構造タンパク質(フィラグリン、ケラチン)、酵素(プロテアーゼ)、脂質および抗菌性ペプチド(デフェンシン)を産生し、角質層および皮膚付属器、例えば毛包および皮脂腺、コラーゲン、フィブリン、フィブロネクチン、エラスチン、プロテオグリカン、グルコサミノグリカンおよびマトリックス細胞タンパク質を含む細胞外マトリックス(ECM)構成成分を産生および維持する線維芽細胞、分化したケラチノサイト由来である脂腺細胞を創出するように分化し、皮脂を分泌し皮膚、毛髪および眼を滑らかで水を通さないようにする皮脂腺およびマイボーム腺ならびに、皮膚および眼のメラニン色素を作るメラノサイトを作る、上皮細胞およびケラチノサイトを含む真皮細胞への効果は、透明感、潤い、上皮および真皮の厚み、感触、弾力、色、トーン、柔軟性、硬さ、タイトネス、滑らかさ、厚み、輝き、均一さ、緩み、顔色、小じわ、しわ、毛穴サイズまたは脂性を含む例えば皮膚の質特性に影響を与えることができる。
本開示は、皮膚の美容上の障害のための処置としてのクロストリジウム毒素またはその断片もしくは変種の使用のための方法にさらに関する。一実施形態では、美容上の皮膚障害は、皮脂腺の機能の変化によって生じる障害である。皮脂腺障害は、過活動皮脂腺、低活動性皮脂腺、皮脂腺の発達不全(mal-developed)、皮脂腺の閉塞、皮脂腺の感染、皮脂腺の炎症などによって生じ得る。皮脂腺障害の例として、これだけに限らないが:開いた面皰(ブラックヘッド)およびホワイトヘッドを含むざ瘡、面疱、深いざ瘡、集簇性ざ瘡、ざ瘡酒さ、面皰、嚢胞、ミクロ面皰(microcomedo)、丘疹、プロピオニバクテリウム・アクネス(Propionibacterium acnes)(P.acnes)感染、膿疱、尋常性ざ瘡、酒さ、口囲皮膚炎、皮脂腺嚢胞、原発性脂漏症(油性脂漏症)、二次脂漏症(乾性脂漏症)および脱毛症が挙げられる。同様にこの定義内であるのは、フケおよび乾燥皮膚ならびに、乾燥した毛髪、脂ぎった毛髪、毛髪および皮膚の光沢ならびに皮膚および/または顔色の他の軽度の美容上の障害を含む「美容上の」皮脂腺障害などの皮脂腺の機能を変化させることによって処置可能な障害である。

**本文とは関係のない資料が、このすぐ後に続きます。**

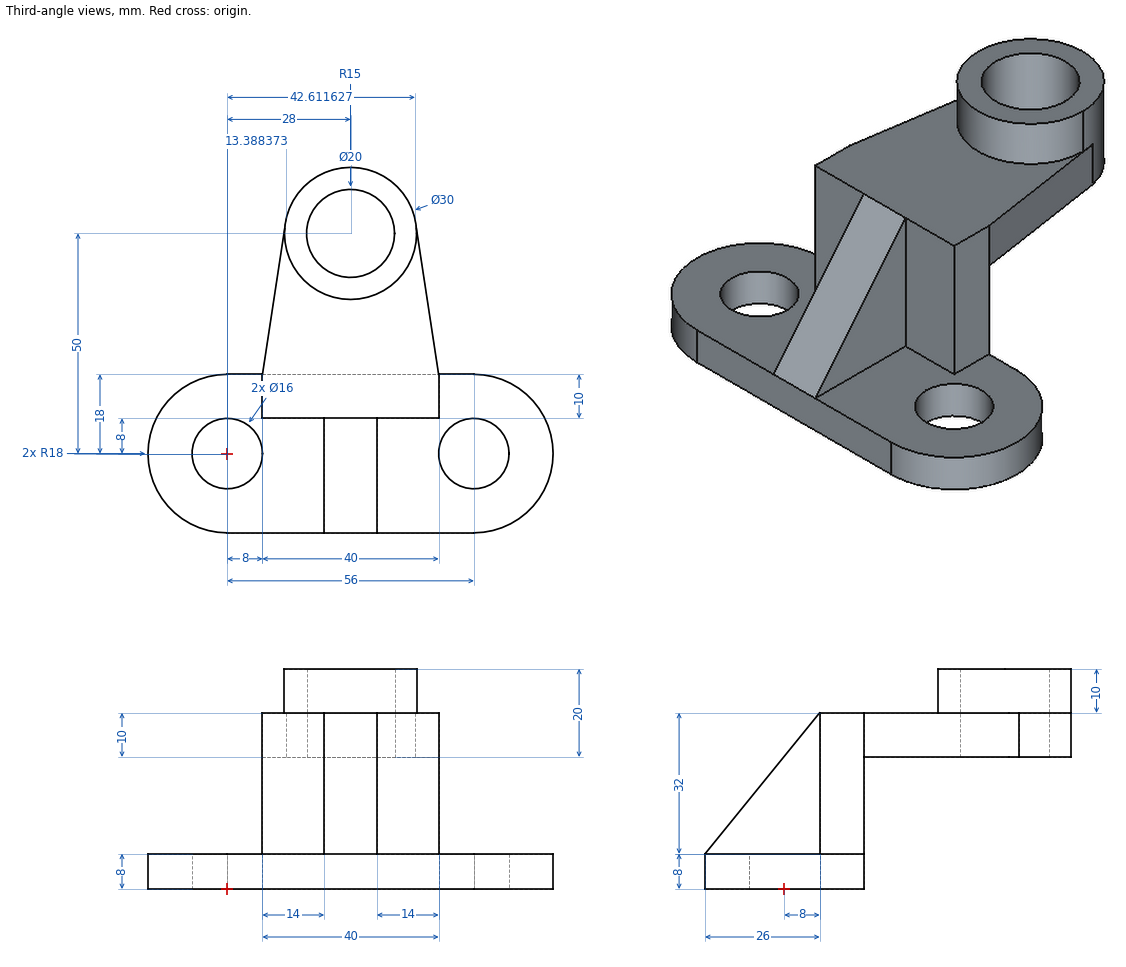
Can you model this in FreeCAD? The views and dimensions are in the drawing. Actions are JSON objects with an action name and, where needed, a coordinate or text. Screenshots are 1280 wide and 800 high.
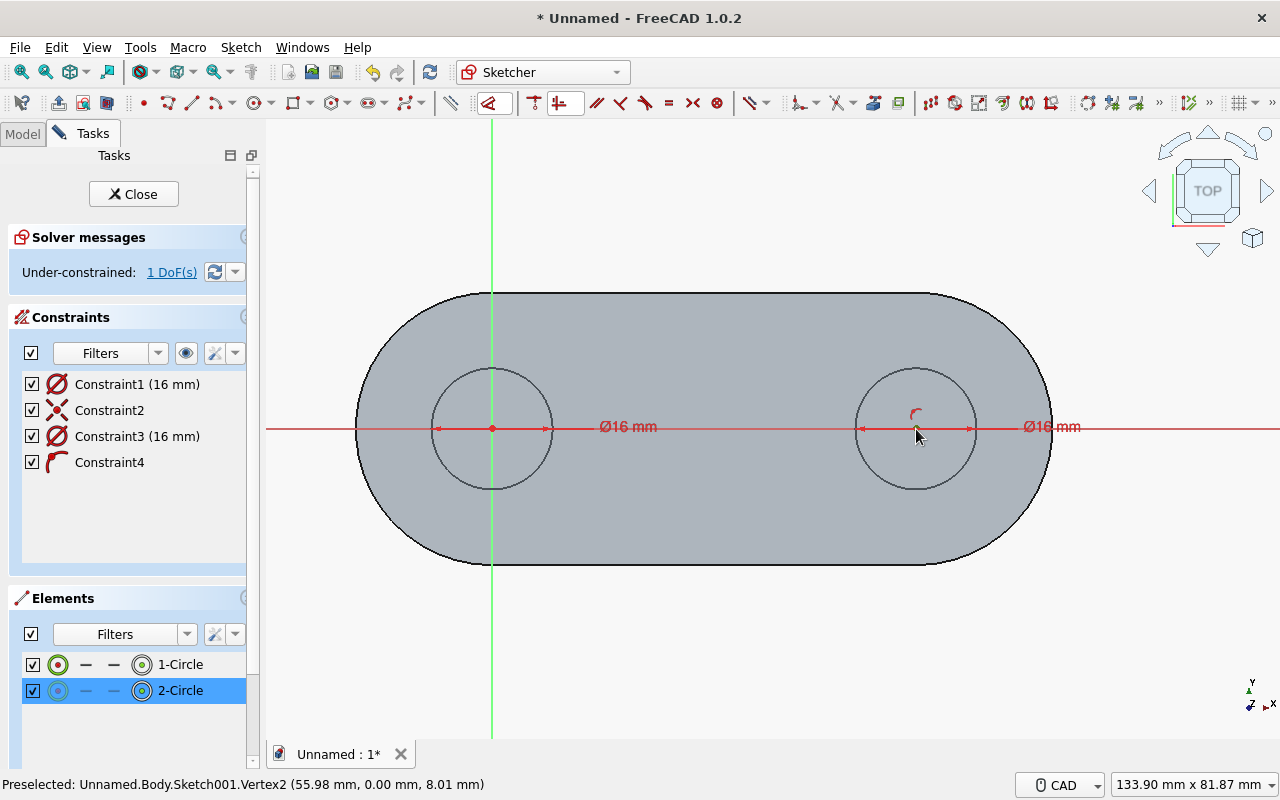
{"action": "left_click", "coordinate": [506, 104]}
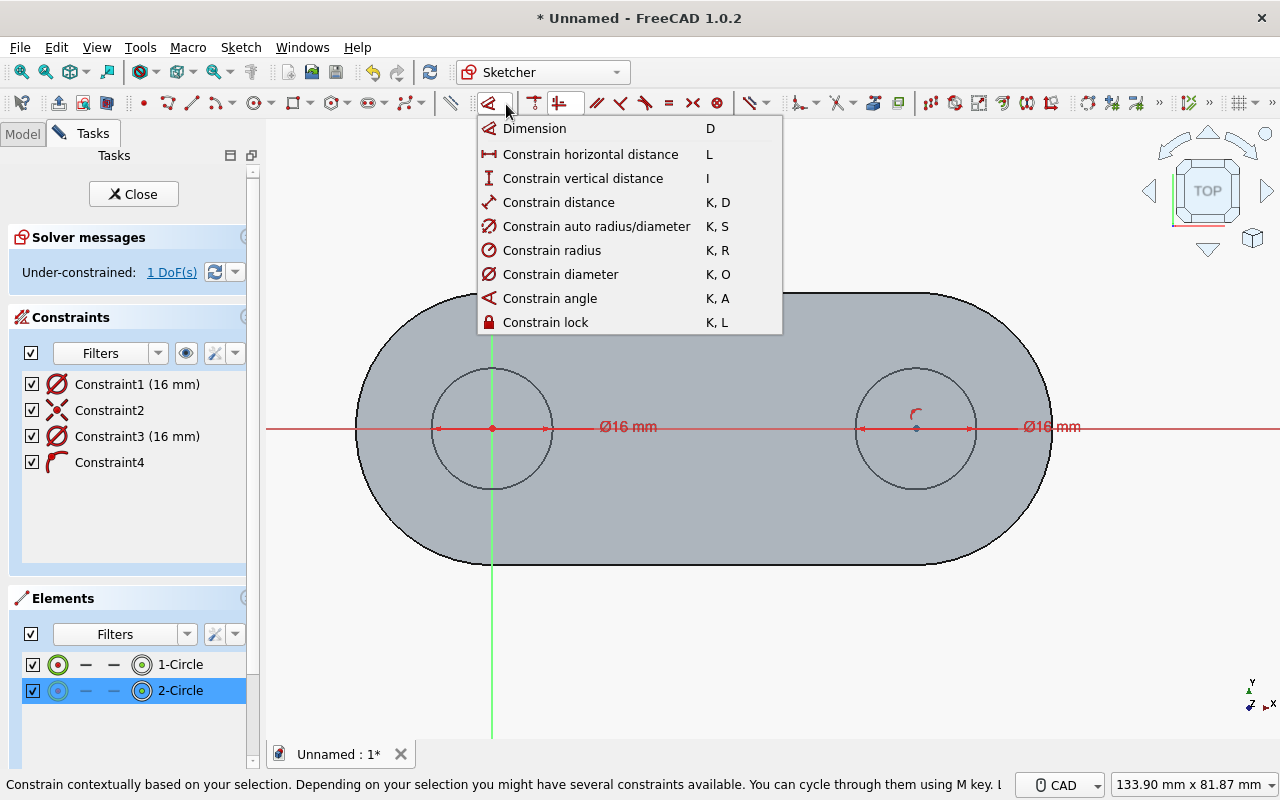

一実施形態では、本開示は、本明細書に記載のクロストリジウム毒素またはその断片もしくは変種を使用して皮脂産生および/または皮脂組成をモジュレートするための方法に関する。一部の実施形態では、モジュレートすることは、皮脂産生および/または皮脂組成に変化を生じ、それにより皮膚の脂性/乾燥における変化を生じる。一実施形態では、モジュレートすることは、皮脂産生を低減し、それにより皮膚の脂性を低減する。別の実施形態では、モジュレートすることは、皮脂産生を増加させ、それにより皮膚の乾燥を低減する。
別の実施形態では、本開示は、本明細書に記載のクロストリジウム毒素またはその断片もしくは変種を使用する皮脂調節不全(産生の低減もしくは増加)および/または異常(皮脂組成の変更)に関連する皮膚障害を処置するための方法に関する。一部の実施形態では、本方法は、皮脂産生および/または皮脂組成をモジュレートするためにクロストリジウム毒素、その断片または変種をそれを必要とする対象に投与することを含み、それにより、皮脂調節不全および/または異常に関連する皮膚障害を処置する。皮脂調節不全および/または異常に関連する例示的皮膚障害として、ざ瘡、脂漏性皮膚炎、紅斑、酒さ、乾癬、アトピー性皮膚炎(AD)、脱毛症、白斑、アレルギー、感染および炎症が挙げられる。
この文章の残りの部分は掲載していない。